За последний месяц мы раз десять ставили «Благородного Фариена», и в моей детской голове кишели интриги и убийства.
– Ты что, боишься, что тебя кто-нибудь отравит? – спросил он, несколько ошеломленный.
– Вообще-то нет. Но сдается мне, что, если ждать до тех пор, пока обнаружишь, что тебе нужно противоядие, добывать его будет уже поздновато.
– Ну, пожалуй, я бы мог продать тебе лациллиума на один пенни, – сказал он. – Это как раз будет нужная доза на человека твоего роста. Однако лациллиум сам по себе – опасная штука. Он помогает далеко не от всех ядов. А если принять его некстати, он может серьезно навредить.
– У-у, – сказал я. – А я и не знал.
В пьесе лациллиум фигурировал как надежная панацея от всего подряд.
Абенти задумчиво приложил палец к губам:
– А можешь ли ты пока что ответить мне на один вопрос?
Я кивнул.
– Чья это там труппа?
– Ну, в каком-то смысле моя, – сказал я. – Но вообще-то это труппа моего отца, потому что он там всем заправляет и решает, куда нам ехать дальше. И в то же время – барона Грейфеллоу, потому что он наш покровитель. Мы люди барона Грейфеллоу.
Старик посмотрел на меня с усмешкой:
– Я про вас слышал. Хорошая труппа. Вы пользуетесь хорошей репутацией.
Я кивнул, не видя смысла в ложной скромности.
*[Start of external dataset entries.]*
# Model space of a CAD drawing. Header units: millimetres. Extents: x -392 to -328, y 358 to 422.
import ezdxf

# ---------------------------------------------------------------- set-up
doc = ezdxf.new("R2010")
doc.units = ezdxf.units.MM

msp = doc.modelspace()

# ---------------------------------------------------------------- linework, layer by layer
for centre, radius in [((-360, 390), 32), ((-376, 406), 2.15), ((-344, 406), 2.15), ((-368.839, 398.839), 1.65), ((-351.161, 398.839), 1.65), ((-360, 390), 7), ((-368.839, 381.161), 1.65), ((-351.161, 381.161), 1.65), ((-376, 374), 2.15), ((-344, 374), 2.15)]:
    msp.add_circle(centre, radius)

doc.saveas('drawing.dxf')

– Как ты думаешь, заинтересует ли твоего отца моя помощь? – спросил он. – Не могу сказать, что я такой уж хороший актер, но иметь меня под боком весьма полезно. Я могу изготовлять грим и румяна без применения свинца, ртути и мышьяка. Могу быстро и чисто устроить яркое освещение. Разноцветное, если надо.
Долго раздумывать мне не пришлось. Свечи дороги и гаснут от сквозняков, факелы коптят, воняют и грозят пожаром. Ну а про опасность грима в труппе всякий знал с малолетства. Трудно сделаться старым, опытным актером, когда каждые три дня мажешь лицо ядом и к двадцати пяти годам сходишь с ума.
– Возможно, я несколько превышаю свои полномочия, – сказал я, протягивая ему руку, – но позвольте мне первым приветствовать вас в нашей труппе!
Поскольку я стремлюсь поведать о своей жизни и деяниях честно и непредвзято, не могу не упомянуть о том, что я пригласил Бена в труппу отнюдь не из чистого альтруизма. Нет, качественный грим и хорошее освещение нам действительно пришлись весьма кстати. Правда и то, что мне просто сделалось жаль одинокого старика, скитающегося по дорогам.
Но прежде всего меня разобрало любопытство. Я видел, как Абенти сделал нечто, чему я не находил объяснений, нечто удивительное и загадочное. Я не про трюк с симпатическими лампами. Это-то я распознал с первого взгляда: обычная показуха, фокус, призванный произвести впечатление на невежественную публику.
Но вот то, что он сделал потом, было нечто совсем иное. Он призвал ветер – и ветер явился на зов. Это была магия. Настоящая магия. Магия вроде той, про какую я слышал в историях про Таборлина Великого. Магия, в которую я не верил лет с шести. А теперь не знал, чему верить.
И я пригласил его к нам в труппу, надеясь получить ответы на свои вопросы. Тогда я этого еще не знал, но я искал имя ветра.